Post by JackCroxall » Mon Feb 01, 2016 10:06 am

*This is actually my dad's story. After I wrote up 'Old Monastery Pool' (http://bit.ly/1PDZqVb), I was asking around for other fishy ghost stories (I'd love to compile them into a book, how much fun would that be?!) and low and behold my own dad had a belter! We wrote it up together and here it is!

I was fishing as a boy, crouching by the water’s edge, totally absorbed by the dark shadow flirting with my hook bait. The wind was up and so frequent ripples kept me from tracking the shadow perfectly, but I was sure something big lurked beneath the surface. A low branch behind me kept knocking into my shoulder in the stronger gusts. Tap, tap, tap. Irritating, but I knew the minute I turned to deal with it my float would slide under and I would miss a bite.

Despite my vigilance, the shadow came to nothing and my float remained untouched. Numb with inactivity, I stood, stretched and looked behind me. There was no low branch. In fact, no tree or bush or anything tall enough to make contact with my shoulder.

Weeks later I was telling a friend what had happened and where I’d fished. It was a small pond on Leicestershire farmland, well hidden from the local lanes and footpaths. Years before, it had served as a watering hole for a farm’s grazing animals and was fed by a tiny stream which ran along a shallow fold in the landscape.

My friend told me that he knew the pond but no one fished there alone because it was haunted.
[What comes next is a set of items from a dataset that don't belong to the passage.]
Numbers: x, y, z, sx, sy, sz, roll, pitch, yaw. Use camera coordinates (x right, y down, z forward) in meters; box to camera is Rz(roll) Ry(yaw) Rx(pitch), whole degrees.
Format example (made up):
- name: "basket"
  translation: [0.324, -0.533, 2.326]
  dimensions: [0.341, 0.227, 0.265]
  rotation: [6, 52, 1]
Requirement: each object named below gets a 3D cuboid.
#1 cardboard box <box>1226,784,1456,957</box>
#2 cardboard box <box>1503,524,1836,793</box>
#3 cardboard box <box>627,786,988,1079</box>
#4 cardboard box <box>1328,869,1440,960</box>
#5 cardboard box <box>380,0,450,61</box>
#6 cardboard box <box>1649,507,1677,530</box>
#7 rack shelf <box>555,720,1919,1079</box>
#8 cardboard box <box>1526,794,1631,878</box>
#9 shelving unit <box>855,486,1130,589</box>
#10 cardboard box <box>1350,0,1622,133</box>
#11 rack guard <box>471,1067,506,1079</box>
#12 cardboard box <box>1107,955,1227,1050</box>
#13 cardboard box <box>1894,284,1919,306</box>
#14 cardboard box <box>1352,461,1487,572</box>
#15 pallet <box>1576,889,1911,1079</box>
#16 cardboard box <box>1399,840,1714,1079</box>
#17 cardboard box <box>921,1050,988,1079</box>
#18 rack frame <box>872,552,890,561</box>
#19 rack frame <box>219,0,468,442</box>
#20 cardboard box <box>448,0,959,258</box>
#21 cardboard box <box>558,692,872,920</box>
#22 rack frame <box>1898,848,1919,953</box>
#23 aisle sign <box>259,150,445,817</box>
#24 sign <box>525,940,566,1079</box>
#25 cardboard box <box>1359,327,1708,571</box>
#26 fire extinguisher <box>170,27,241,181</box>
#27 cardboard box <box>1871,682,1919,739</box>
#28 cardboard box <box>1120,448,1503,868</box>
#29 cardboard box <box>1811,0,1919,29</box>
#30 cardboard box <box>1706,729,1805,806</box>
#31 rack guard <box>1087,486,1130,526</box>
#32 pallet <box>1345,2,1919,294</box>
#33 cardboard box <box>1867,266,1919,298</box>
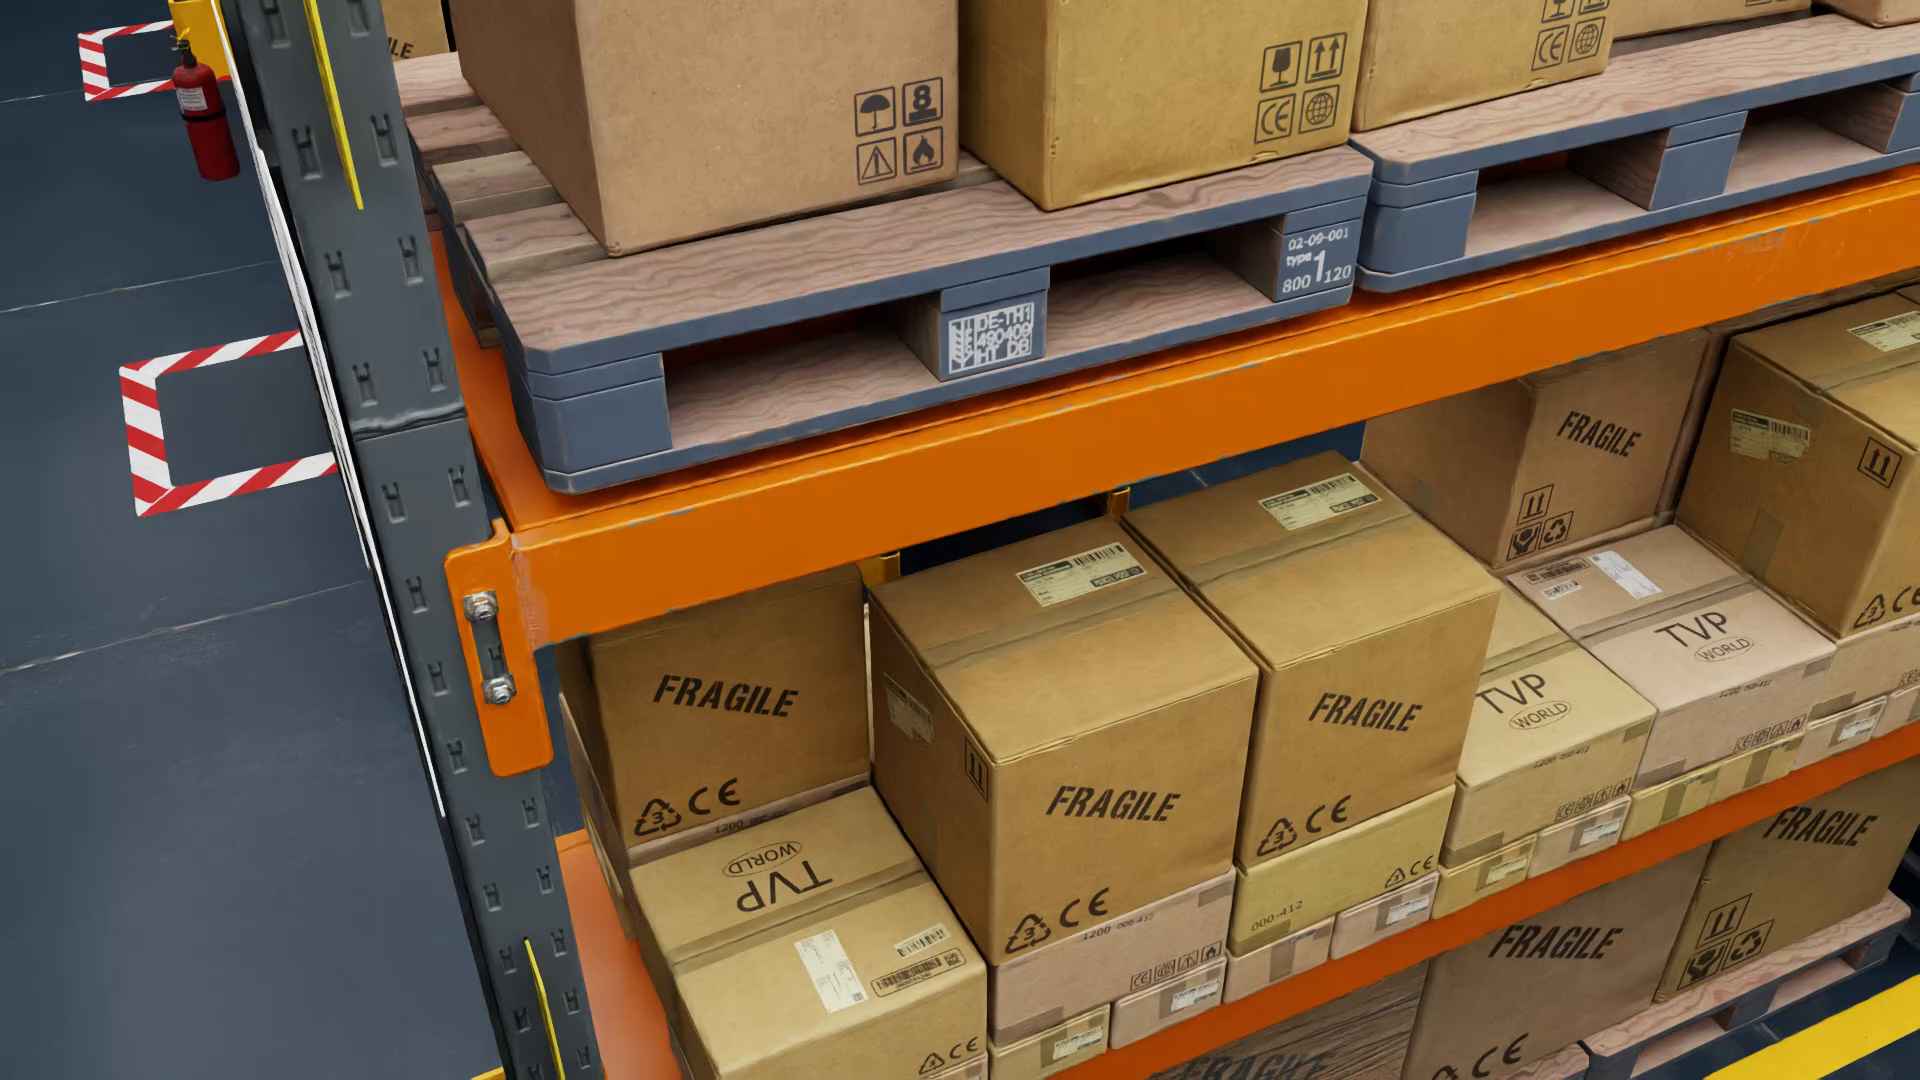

He explained; during the Second World War, a German pilot bailed from his stricken aircraft nearby. Severely burned and injured, the pilot stumbled along the stream to where it met the pond. It was a windy day and the noise of the wind silenced his slow, agonising shuffle. The pilot could just make out a small figure crouching by the waterside, a small boy engrossed by his fishing. Unable to speak because of his trauma, the pilot tapped the boy’s shoulder in hope of assistance. The boy turned and, horrified by what he saw, shot away as fast as his legs could carry him. Upon arriving at the nearby farm he relayed his terrifying experience to a herdsman who, realising what must have happened, rushed to the pond.

Tragically, by the time the herdsman got to the pilot, he’d succumbed to his injuries and was lying dead in the spot where the boy had been fishing. Buried according to wartime practices, the pilot’s spirit is said to linger on at the pond. Should you ever fish there alone you may just get a tap, tap, tap on your shoulder.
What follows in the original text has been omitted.